Kernel Architecture & Performance Model

Public PyPI build (default)

The PyPI wheel ships with:

  • slimcuda_og.ptx
  • Corresponding CUDA source (.cu, .cuh) files

This build prioritizes:

  • Broad GPU compatibility
  • Reproducibility
  • Ease of installation

⚠️ Performance note

The PTX kernels are not performance-optimized for modern GPUs. They exist to ensure correctness and portability.

Optimized builds (collaborators)

Highly optimized, GPU-specific kernels are distributed as fatbin / cubin binaries and are not included in the public wheel.

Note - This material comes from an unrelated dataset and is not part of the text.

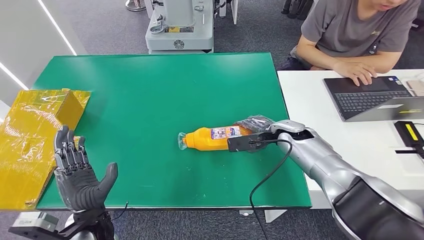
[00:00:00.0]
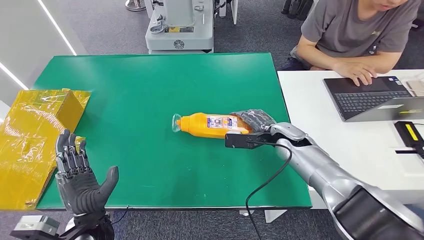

If an optimized kernel is present locally, SLiM-CUDA will automatically detect and load it.

Benefits:

  • Substantially higher throughput
  • Reduced launch overhead
  • Architecture-specific tuning

If you are a collaborator or have a supported GPU and need optimized kernels, please contact the author.

Runtime Banner

When running with the public PTX kernels, SLiM-CUDA displays a short informational banner indicating that an optimized build exists.

This is informational only and can be disabled:

# Linux / macOS
export SLIMCUDA_BANNER=0

# Windows (PowerShell)
setx SLIMCUDA_BANNER 0

or programmatically via the loader API.

GPU Compatibility

  • Public PTX kernels: should run on most CUDA-capable GPUs
  • Optimized kernels: GPU- and build-specific

If you have an optimized kernel but encounter issues on your GPU, please contact the author for a tailored build.

License

  • Python code: MIT License
  • Public CUDA source (PTX / .cu): MIT License
  • Optimized CUDA binaries: distributed separately under collaborator-specific terms

Citation

If you use SLiM-CUDA in academic work, please cite the following:

Primary citation (recommended)

SLiM-CUDA was originally developed to support the methodology described in:

Z. Qu et al., Deep-learning-aided multi-focal hologram generation, Optics & Laser Technology, 2025. DOI: 10.1016/j.optlastec.2024.112056

@article{jwangSlimCuda,
  title   = {Deep-learning-aided multi-focal hologram generation},
  author  = {Qu, Z. and others},
  journal = {Optics & Laser Technology},
  year    = {2025},
  doi     = {10.1016/j.optlastec.2024.112056}
}

If your work builds upon or uses the algorithms and concepts enabled by SLiM-CUDA,
please cite this publication.

Software citation

If you prefer to cite the software directly (e.g. for tooling or infrastructure use), you may cite:

SLiM-CUDA: GPU-accelerated hologram generation backend.
https://pypi.org/project/slimcuda/

A formal software citation entry (BibTeX) will be provided in a future release.

Disclaimer

This software is intended for research and advanced technical use.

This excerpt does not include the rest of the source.